Fine acting, beautiful set, meticulous production, gorgeous – even intimidating – sound (Steven Cahill, doing his usual excellent work) – why don’t I walk away from this fully satisfied? One of the reasons might be that though I bought Mark Nelson as Shylock, I was not captivated by him. Nelson’s Shylock seems to be in a bath of misery, punctuated by rage throughout, even in what should have been his triumphant moments – for example, when he fully realizes that the arrogant Antonio, who had so offended him, wants his help. Shylock’s fall is more dramatic, and his fate is more moving, when he is brought down from a great height, but here his destruction, gruesome and heartrending though it is, seems just one more painful moment in a lifetime of agony. Nelson is an excellent actor, and McSweeny has obviously thought this production through in great detail, but all I can tell you is that it left me not fully satisfied.
Or maybe the problem is a deeper one, which – as Bikel believes – no production can resolve. Maybe it’s impossible to have any morally satisfying resolution, or even enjoy a good laugh, in a time and place as morally bankrupt as the Venice of Merchant of Venice. And even in the Bard’s own time, people may have figured that out.
During Shakespeare’s life, it enjoyed an enormous popularity. Richard Burbage played Shylock broadly, with a red wig. Its last production while the Bard was alive was in 1610.
After that, it was not produced for a hundred and fifty years.

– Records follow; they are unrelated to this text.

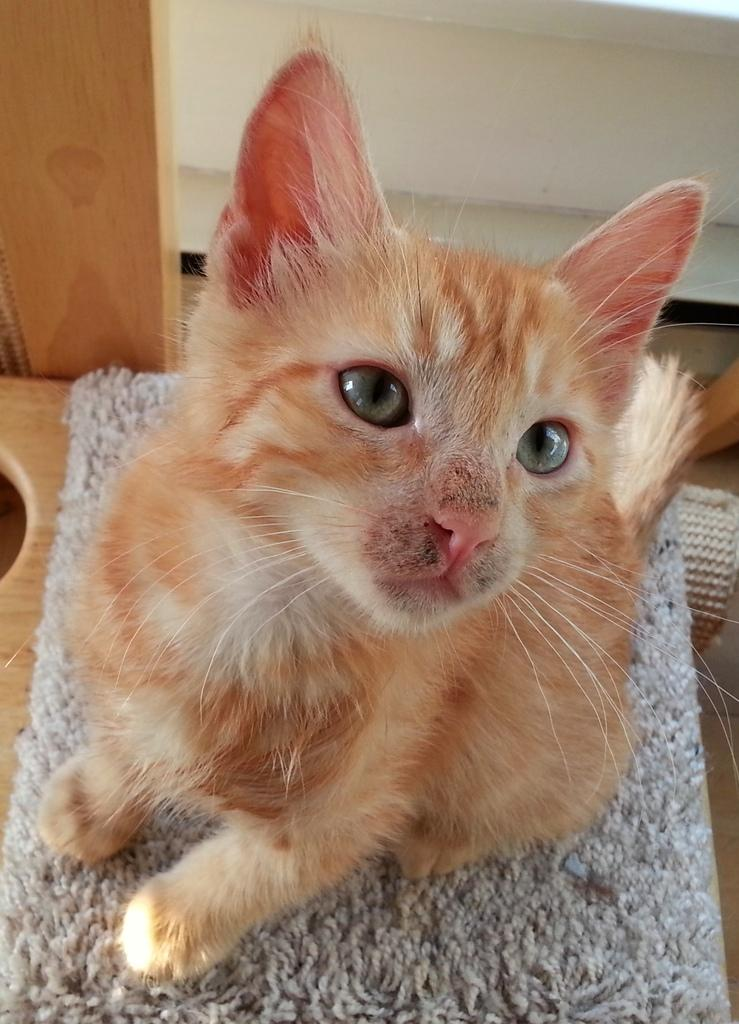What animal is present in the image? There is a cat in the image. Where is the cat located? The cat is on a mat. What is the mat placed on? The mat is on a table. What can be seen in the background of the image? There is a wall and a wooden object visible in the background. What type of twig is the cat holding in its paw in the image? There is no twig present in the image; the cat is not holding anything in its paw. How many friends does the cat have in the image? The image does not show any friends of the cat, as it is focused on the cat and its surroundings. 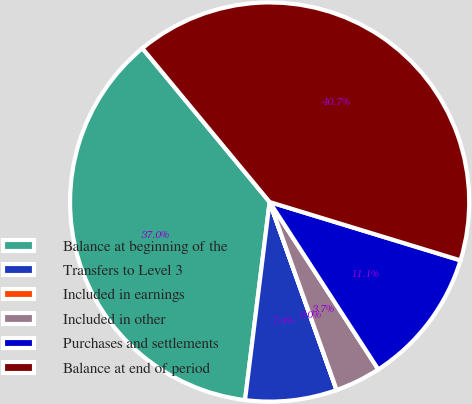<chart> <loc_0><loc_0><loc_500><loc_500><pie_chart><fcel>Balance at beginning of the<fcel>Transfers to Level 3<fcel>Included in earnings<fcel>Included in other<fcel>Purchases and settlements<fcel>Balance at end of period<nl><fcel>37.02%<fcel>7.41%<fcel>0.01%<fcel>3.71%<fcel>11.11%<fcel>40.72%<nl></chart> 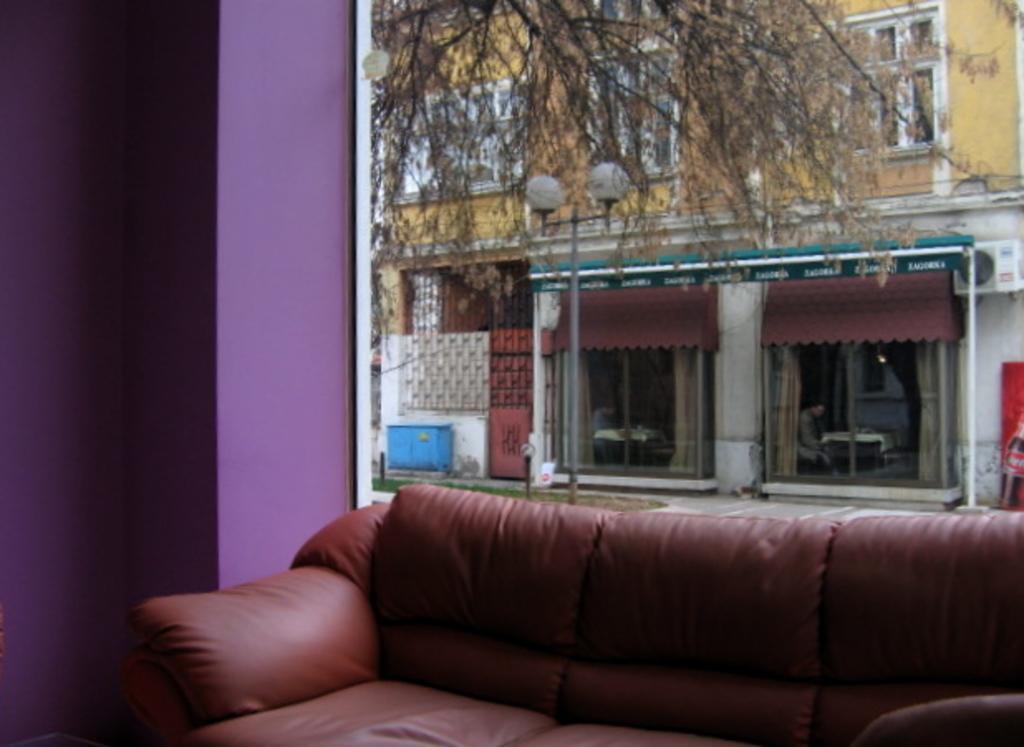Describe this image in one or two sentences. In this picture there is a couch a purple color wall on the left side and trees another building in the background 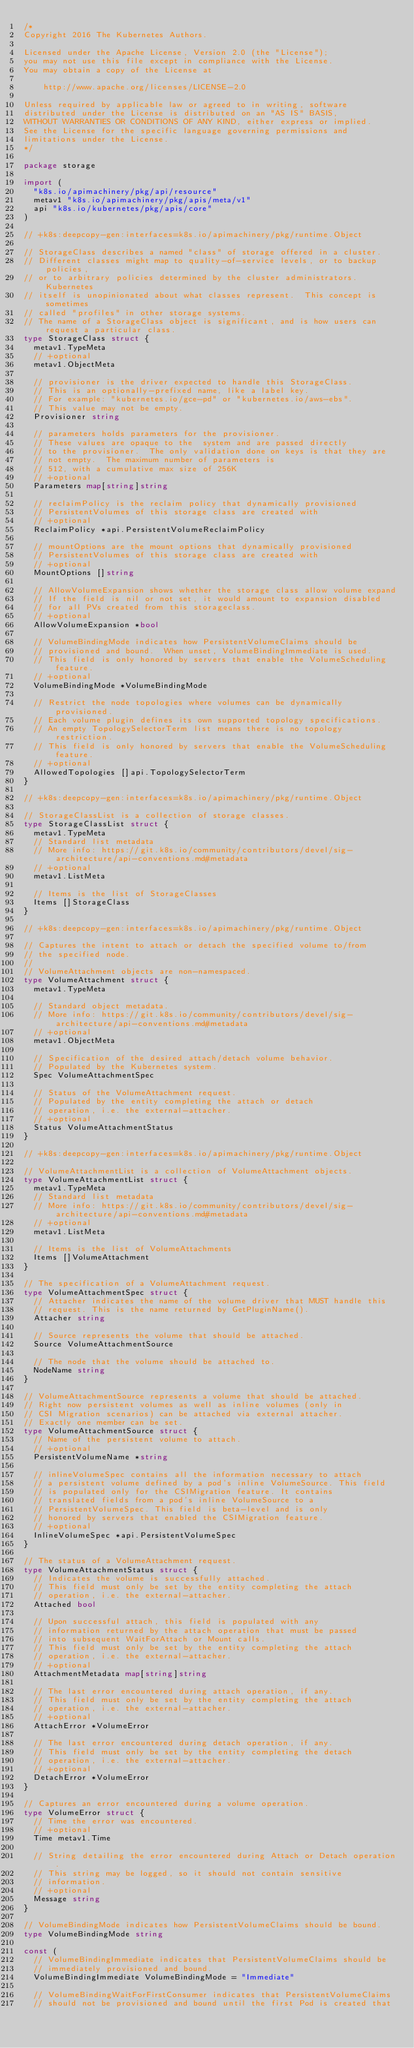Convert code to text. <code><loc_0><loc_0><loc_500><loc_500><_Go_>/*
Copyright 2016 The Kubernetes Authors.

Licensed under the Apache License, Version 2.0 (the "License");
you may not use this file except in compliance with the License.
You may obtain a copy of the License at

    http://www.apache.org/licenses/LICENSE-2.0

Unless required by applicable law or agreed to in writing, software
distributed under the License is distributed on an "AS IS" BASIS,
WITHOUT WARRANTIES OR CONDITIONS OF ANY KIND, either express or implied.
See the License for the specific language governing permissions and
limitations under the License.
*/

package storage

import (
	"k8s.io/apimachinery/pkg/api/resource"
	metav1 "k8s.io/apimachinery/pkg/apis/meta/v1"
	api "k8s.io/kubernetes/pkg/apis/core"
)

// +k8s:deepcopy-gen:interfaces=k8s.io/apimachinery/pkg/runtime.Object

// StorageClass describes a named "class" of storage offered in a cluster.
// Different classes might map to quality-of-service levels, or to backup policies,
// or to arbitrary policies determined by the cluster administrators.  Kubernetes
// itself is unopinionated about what classes represent.  This concept is sometimes
// called "profiles" in other storage systems.
// The name of a StorageClass object is significant, and is how users can request a particular class.
type StorageClass struct {
	metav1.TypeMeta
	// +optional
	metav1.ObjectMeta

	// provisioner is the driver expected to handle this StorageClass.
	// This is an optionally-prefixed name, like a label key.
	// For example: "kubernetes.io/gce-pd" or "kubernetes.io/aws-ebs".
	// This value may not be empty.
	Provisioner string

	// parameters holds parameters for the provisioner.
	// These values are opaque to the  system and are passed directly
	// to the provisioner.  The only validation done on keys is that they are
	// not empty.  The maximum number of parameters is
	// 512, with a cumulative max size of 256K
	// +optional
	Parameters map[string]string

	// reclaimPolicy is the reclaim policy that dynamically provisioned
	// PersistentVolumes of this storage class are created with
	// +optional
	ReclaimPolicy *api.PersistentVolumeReclaimPolicy

	// mountOptions are the mount options that dynamically provisioned
	// PersistentVolumes of this storage class are created with
	// +optional
	MountOptions []string

	// AllowVolumeExpansion shows whether the storage class allow volume expand
	// If the field is nil or not set, it would amount to expansion disabled
	// for all PVs created from this storageclass.
	// +optional
	AllowVolumeExpansion *bool

	// VolumeBindingMode indicates how PersistentVolumeClaims should be
	// provisioned and bound.  When unset, VolumeBindingImmediate is used.
	// This field is only honored by servers that enable the VolumeScheduling feature.
	// +optional
	VolumeBindingMode *VolumeBindingMode

	// Restrict the node topologies where volumes can be dynamically provisioned.
	// Each volume plugin defines its own supported topology specifications.
	// An empty TopologySelectorTerm list means there is no topology restriction.
	// This field is only honored by servers that enable the VolumeScheduling feature.
	// +optional
	AllowedTopologies []api.TopologySelectorTerm
}

// +k8s:deepcopy-gen:interfaces=k8s.io/apimachinery/pkg/runtime.Object

// StorageClassList is a collection of storage classes.
type StorageClassList struct {
	metav1.TypeMeta
	// Standard list metadata
	// More info: https://git.k8s.io/community/contributors/devel/sig-architecture/api-conventions.md#metadata
	// +optional
	metav1.ListMeta

	// Items is the list of StorageClasses
	Items []StorageClass
}

// +k8s:deepcopy-gen:interfaces=k8s.io/apimachinery/pkg/runtime.Object

// Captures the intent to attach or detach the specified volume to/from
// the specified node.
//
// VolumeAttachment objects are non-namespaced.
type VolumeAttachment struct {
	metav1.TypeMeta

	// Standard object metadata.
	// More info: https://git.k8s.io/community/contributors/devel/sig-architecture/api-conventions.md#metadata
	// +optional
	metav1.ObjectMeta

	// Specification of the desired attach/detach volume behavior.
	// Populated by the Kubernetes system.
	Spec VolumeAttachmentSpec

	// Status of the VolumeAttachment request.
	// Populated by the entity completing the attach or detach
	// operation, i.e. the external-attacher.
	// +optional
	Status VolumeAttachmentStatus
}

// +k8s:deepcopy-gen:interfaces=k8s.io/apimachinery/pkg/runtime.Object

// VolumeAttachmentList is a collection of VolumeAttachment objects.
type VolumeAttachmentList struct {
	metav1.TypeMeta
	// Standard list metadata
	// More info: https://git.k8s.io/community/contributors/devel/sig-architecture/api-conventions.md#metadata
	// +optional
	metav1.ListMeta

	// Items is the list of VolumeAttachments
	Items []VolumeAttachment
}

// The specification of a VolumeAttachment request.
type VolumeAttachmentSpec struct {
	// Attacher indicates the name of the volume driver that MUST handle this
	// request. This is the name returned by GetPluginName().
	Attacher string

	// Source represents the volume that should be attached.
	Source VolumeAttachmentSource

	// The node that the volume should be attached to.
	NodeName string
}

// VolumeAttachmentSource represents a volume that should be attached.
// Right now persistent volumes as well as inline volumes (only in
// CSI Migration scenarios) can be attached via external attacher.
// Exactly one member can be set.
type VolumeAttachmentSource struct {
	// Name of the persistent volume to attach.
	// +optional
	PersistentVolumeName *string

	// inlineVolumeSpec contains all the information necessary to attach
	// a persistent volume defined by a pod's inline VolumeSource. This field
	// is populated only for the CSIMigration feature. It contains
	// translated fields from a pod's inline VolumeSource to a
	// PersistentVolumeSpec. This field is beta-level and is only
	// honored by servers that enabled the CSIMigration feature.
	// +optional
	InlineVolumeSpec *api.PersistentVolumeSpec
}

// The status of a VolumeAttachment request.
type VolumeAttachmentStatus struct {
	// Indicates the volume is successfully attached.
	// This field must only be set by the entity completing the attach
	// operation, i.e. the external-attacher.
	Attached bool

	// Upon successful attach, this field is populated with any
	// information returned by the attach operation that must be passed
	// into subsequent WaitForAttach or Mount calls.
	// This field must only be set by the entity completing the attach
	// operation, i.e. the external-attacher.
	// +optional
	AttachmentMetadata map[string]string

	// The last error encountered during attach operation, if any.
	// This field must only be set by the entity completing the attach
	// operation, i.e. the external-attacher.
	// +optional
	AttachError *VolumeError

	// The last error encountered during detach operation, if any.
	// This field must only be set by the entity completing the detach
	// operation, i.e. the external-attacher.
	// +optional
	DetachError *VolumeError
}

// Captures an error encountered during a volume operation.
type VolumeError struct {
	// Time the error was encountered.
	// +optional
	Time metav1.Time

	// String detailing the error encountered during Attach or Detach operation.
	// This string may be logged, so it should not contain sensitive
	// information.
	// +optional
	Message string
}

// VolumeBindingMode indicates how PersistentVolumeClaims should be bound.
type VolumeBindingMode string

const (
	// VolumeBindingImmediate indicates that PersistentVolumeClaims should be
	// immediately provisioned and bound.
	VolumeBindingImmediate VolumeBindingMode = "Immediate"

	// VolumeBindingWaitForFirstConsumer indicates that PersistentVolumeClaims
	// should not be provisioned and bound until the first Pod is created that</code>

The Merchant of Venice plays thru July 24, 2011 at Sidney Harman Hall, 610 F Street NW, Washington,DC.
Details
Tickets
The Merchant of Venice
By William Shakespeare
Directed by Ethan McSweeny
Produced by the Shakespeare Theatre Company
Reviewed by Tim Treanor
Recommended
Two hours forty-five minutes, including one intermission
- Alan Zilberman . BrightestYoungThings
Jonathan Padget . Metro Weekly - Susan Davidson . CurtainUp
Peter Marks . Washington Post
Leslie Milk . Washingtonian - Susan Berlin . Talkin’Broadway
- Jenn Larsen . WeLove DC
Jordan Wright . MDTheatreGuidee
I had the same reaction — it’s a good production and worth seeing, but I didn’t walk away with any new insights or even with the play coming together as a coherent whole in my mind (if that’s even possible). It’s certainly interesting and moves along really well. My one serious quarrel with the production was the decision to leave out the song that is sung to Bassanio when he looks at the boxes (the song that clearly tells him which box it is). Aside from the fact that Bassanio is just not that perceptive, Portia’s ability to outthink and outmanuever the literalists in her world (first her dead control freak father, then Shylock) is a key to her character and the song shows her literal compliance with her father’s wishes while at the same time getting around it. And she does the same thing with Shylock — she “wins” because she gets even more literal than he does. She’s good at the game.
I’ve found that theatre that leaves you with a quarrel is the best kind of theatre. How dull it must be to be completely satisfied.
You always have to have a quarrel, don’t you Mr. Treanor. It’s unfortunate that you must walk away from every piece of theatre so unsatisfied. How dull an evening out must be for you.